§ **Directions for this task**
Copy every entry exactly as it reads and exclude whatever pictures appear.

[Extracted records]
◆ ◆ ◆ ◆ ◆
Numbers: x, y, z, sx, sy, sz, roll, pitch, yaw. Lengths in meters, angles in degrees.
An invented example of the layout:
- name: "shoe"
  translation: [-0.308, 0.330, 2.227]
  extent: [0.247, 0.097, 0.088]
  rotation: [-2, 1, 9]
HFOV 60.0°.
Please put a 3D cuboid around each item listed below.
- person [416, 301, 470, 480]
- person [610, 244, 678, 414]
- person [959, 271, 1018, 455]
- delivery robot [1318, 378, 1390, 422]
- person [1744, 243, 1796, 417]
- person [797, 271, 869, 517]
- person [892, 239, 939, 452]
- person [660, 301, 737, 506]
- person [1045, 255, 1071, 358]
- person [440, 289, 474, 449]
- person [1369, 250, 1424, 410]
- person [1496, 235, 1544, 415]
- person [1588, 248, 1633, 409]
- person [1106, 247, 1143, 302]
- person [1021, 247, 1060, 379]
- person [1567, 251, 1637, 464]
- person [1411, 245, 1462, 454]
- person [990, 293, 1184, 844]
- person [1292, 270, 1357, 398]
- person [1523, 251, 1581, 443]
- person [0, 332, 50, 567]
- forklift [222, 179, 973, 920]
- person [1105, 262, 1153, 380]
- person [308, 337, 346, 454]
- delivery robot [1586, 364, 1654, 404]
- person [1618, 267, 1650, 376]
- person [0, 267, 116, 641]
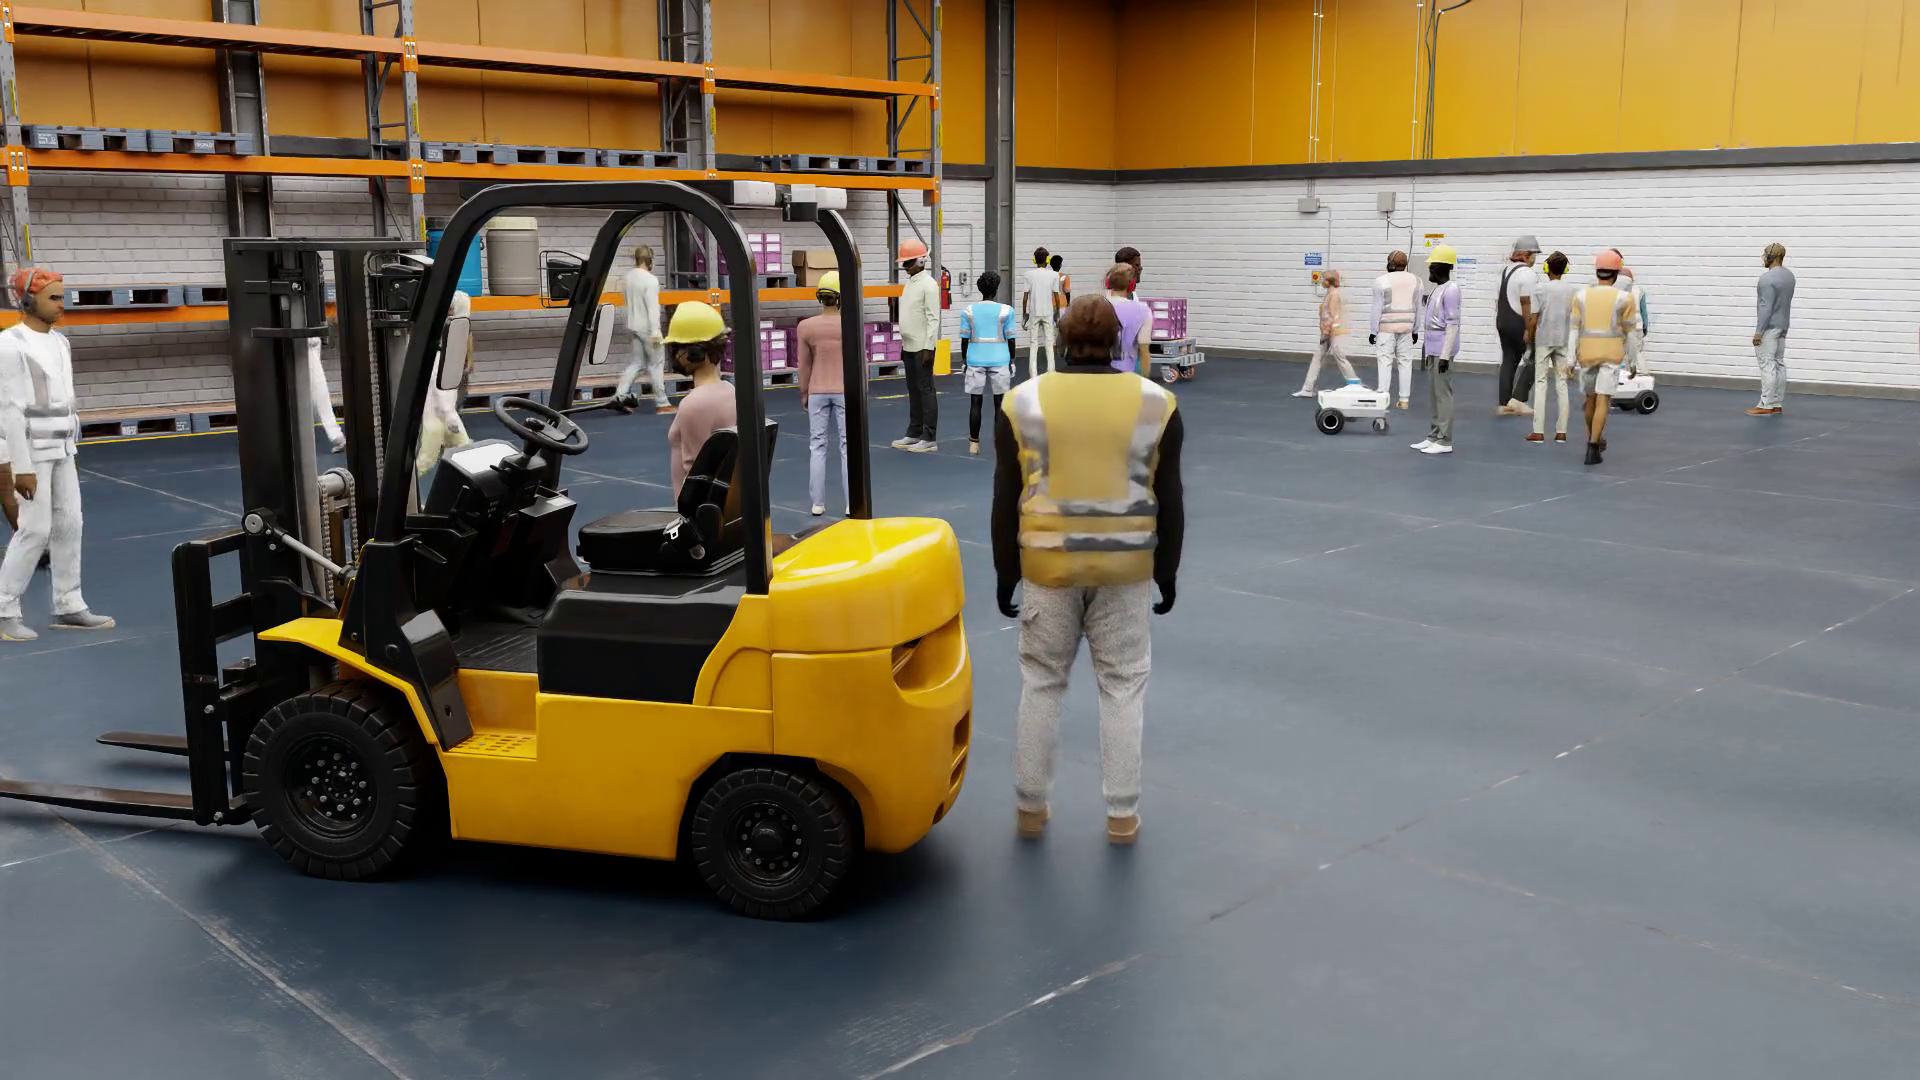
◆ ◆ ◆ ◆ ◆
§ **Response to this task**
Numbers: x, y, z, sx, sy, sz, roll, pitch, yaw. Lengths in meters, angles in degrees.
An invented example of the layout:
- name: "shoe"
  translation: [-0.308, 0.330, 2.227]
  extent: [0.247, 0.097, 0.088]
  rotation: [-2, 1, 9]
HFOV 60.0°.
Please put a 3D cuboid around each item listed below.
- person [416, 301, 470, 480]
- person [610, 244, 678, 414]
- person [959, 271, 1018, 455]
- delivery robot [1318, 378, 1390, 422]
- person [1744, 243, 1796, 417]
- person [797, 271, 869, 517]
- person [892, 239, 939, 452]
- person [660, 301, 737, 506]
- person [1045, 255, 1071, 358]
- person [440, 289, 474, 449]
- person [1369, 250, 1424, 410]
- person [1496, 235, 1544, 415]
- person [1588, 248, 1633, 409]
- person [1106, 247, 1143, 302]
- person [1021, 247, 1060, 379]
- person [1567, 251, 1637, 464]
- person [1411, 245, 1462, 454]
- person [990, 293, 1184, 844]
- person [1292, 270, 1357, 398]
- person [1523, 251, 1581, 443]
- person [0, 332, 50, 567]
- forklift [222, 179, 973, 920]
- person [1105, 262, 1153, 380]
- person [308, 337, 346, 454]
- delivery robot [1586, 364, 1654, 404]
- person [1618, 267, 1650, 376]
- person [0, 267, 116, 641]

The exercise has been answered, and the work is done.